Как все веселые люди, не выносящие скуки, доктор считал своим долгом заботиться о развлечении знакомых. Он устраивал поездки к дальнему мысу, в лазоревых гротах которого, в прозрачной до дна воде, казалось, еще жили прекрасные нагие русалки с загадочными зелеными глазами. Потом организовал длинные путешествия в экипажах и пешком в горы, придумывал зажигать сухую траву на вершинах, и постоянно его белая панама озабоченно рыскала в толпе по набережной в поисках нового интересного «номера», как он выражался. Но все это быстро надоело. Скоро даже самые слова «лодка» и «горы» наводили ленивую скуку. Тогда веселый доктор решил, что пора разнообразить общество, и вспомнил о Перовском. Ему показалось, что это будет очень интересно, а в его веселую легкомысленную голову как-то не пришла мысль, что это немножко жестоко: показывать для увеселения скучающих приятелей человека, который только тем и любопытен, что в жизни его была тяжелая и печальная драма.
Не пришло, впрочем, это в голову и писателю. Когда доктор поведал ему о своем намерении вытащить Перовского, он оживленно посмотрел сквозь вечные клубы дыма и сказал одобрительно добродушным басом:
— Что ж, это любопытно… Непременно приведите его.
И через несколько дней веселый доктор привел на поплавок какого-то высокого бородатого человека в больших сапогах и синей рубахе.
— Позвольте вас познакомить… Мой хороший приятель, Дмитрий Аркадьевич Перовский, — сказал он торжественным тоном шарлатана, показывающего какую-то достопримечательность.
Писатель поздоровался с Перовским как старый знакомый, радушно, по-приятельски. Жена доктора мило улыбнулась, и в ее преувеличенной ласковости было заметно желание приласкать несчастного человека. А в темных глазах девушки появилось то испуганное выражение, которое бывает у очень добрых и молодых людей, когда им показывают человека, которому уже недолго осталось жить.
Должно быть, Перовский почувствовал, что на него смотрят как-то особенно. По его красивому бородатому лицу с немного сумрачными глазами и резкими морщинами в уголках рта мелькнуло беспокойное выражение. Он сел и сейчас же схватился за предложенный стакан чаю и, опустив глаза, принялся перебирать пальцами по краям блюдечка.
— Давнехонько мы с вами не видались, — сказал писатель.
Перовский поднял глаза и сейчас же опустил их.
— Да, давно… — неловко ответил он.
— Ну, как поживает Лидия Павловна? — опять спросил писатель и по своей привычке прищурился от дыма.

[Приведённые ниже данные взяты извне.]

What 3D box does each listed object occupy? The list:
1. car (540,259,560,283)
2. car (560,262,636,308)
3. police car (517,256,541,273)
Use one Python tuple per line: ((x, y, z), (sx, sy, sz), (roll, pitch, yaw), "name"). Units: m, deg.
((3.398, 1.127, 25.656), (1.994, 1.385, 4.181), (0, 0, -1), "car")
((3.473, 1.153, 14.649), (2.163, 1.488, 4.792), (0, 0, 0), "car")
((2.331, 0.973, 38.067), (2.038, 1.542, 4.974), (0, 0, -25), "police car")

Но тоненькой девушке, испуганно следившей за всеми, показалось, что он и прищурился, и спросил нарочно. Ей стало стыдно за него. Жаль Перовского и страшно, чтобы он не высказал перед этими грубыми, нетактичными людьми своего страдания.

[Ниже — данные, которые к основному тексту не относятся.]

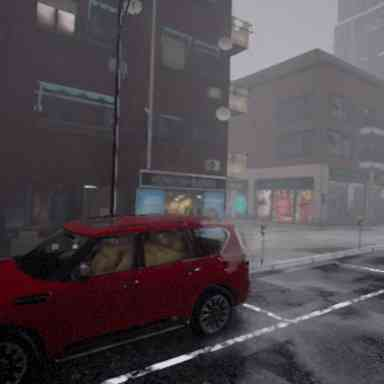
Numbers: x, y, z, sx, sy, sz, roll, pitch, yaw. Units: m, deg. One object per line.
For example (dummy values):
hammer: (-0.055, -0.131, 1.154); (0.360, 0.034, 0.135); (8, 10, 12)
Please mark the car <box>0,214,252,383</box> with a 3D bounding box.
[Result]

Но Перовский, не подымая глаз, ответил спокойно и просто:
— Все болеет последнее время… Меня это страшно беспокоит… Должно быть, у нас на хуторе сыро все-таки…

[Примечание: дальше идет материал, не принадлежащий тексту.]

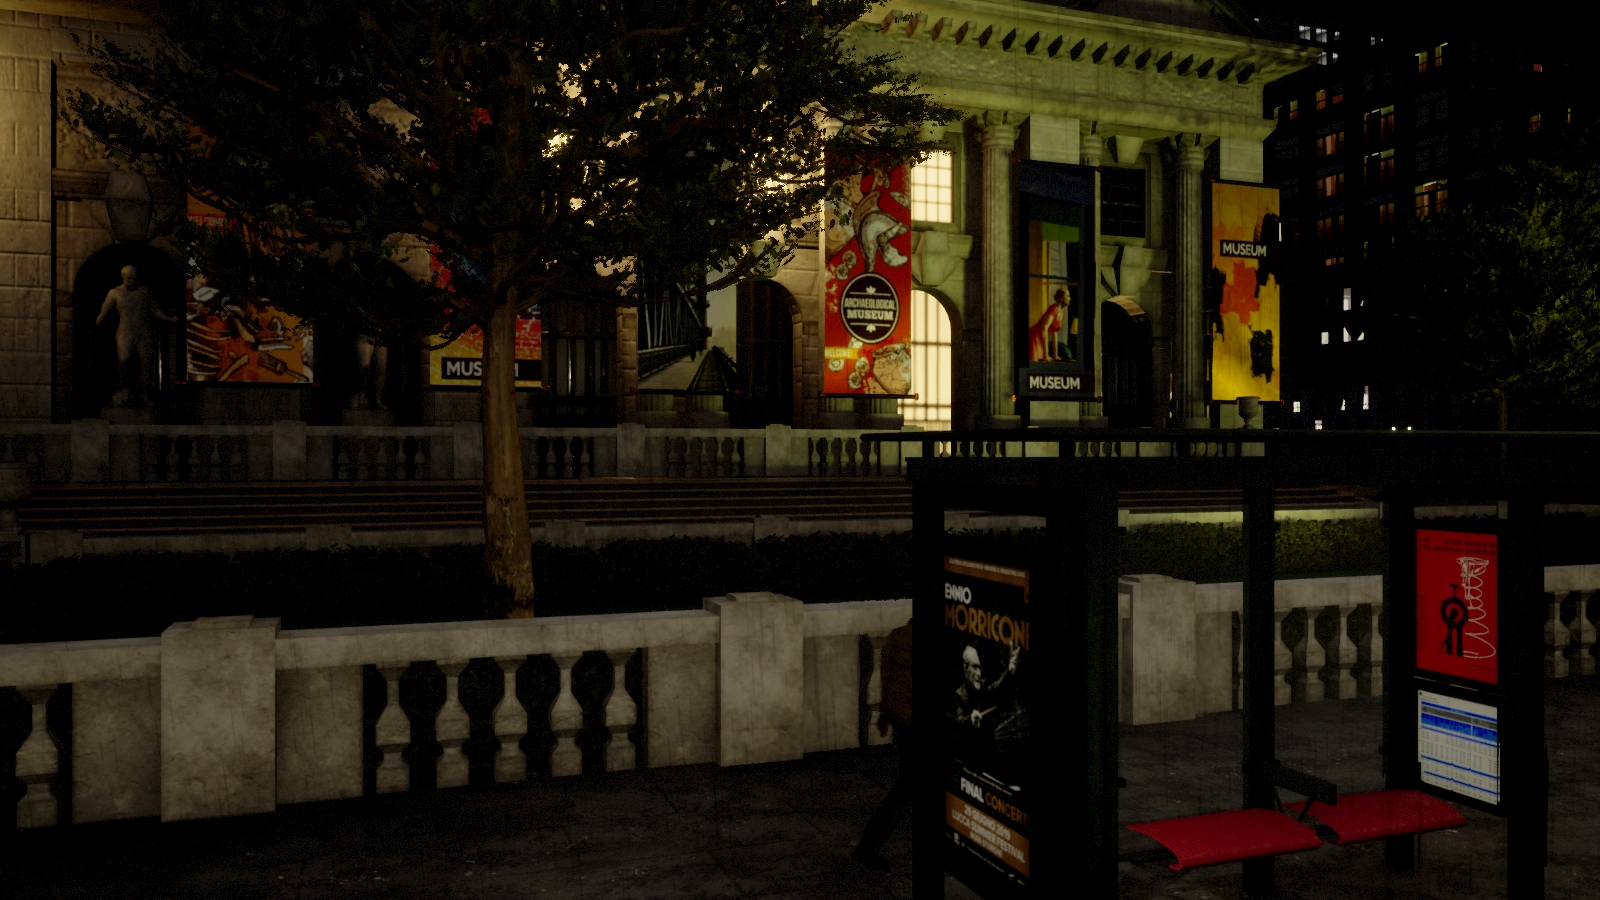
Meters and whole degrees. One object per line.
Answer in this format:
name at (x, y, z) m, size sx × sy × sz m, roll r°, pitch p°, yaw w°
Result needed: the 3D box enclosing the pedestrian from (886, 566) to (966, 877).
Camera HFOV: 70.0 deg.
pedestrian at (0.799, 1.697, 7.278) m, size 0.375 × 1.860 × 0.375 m, roll 0°, pitch 0°, yaw -21°

И девушка расцвела: она обрадовалась, что он ответил так тепло о женщине, которая ведь разбила ему жизнь. И чувство жалости и удивления перед его, как ей казалось, великим и скромным подвигом задрожало в наивном чистом сердце.
Сначала разговор не клеился. Перовский был сдержан и даже дик, смотрел вниз и нервно перебирал пальцами все, что попадалось под руку. Все старались быть с ним особенно ласковыми и внимательными, и это создавало ту неприятную принужденность, какая бывает у постели труднобольного.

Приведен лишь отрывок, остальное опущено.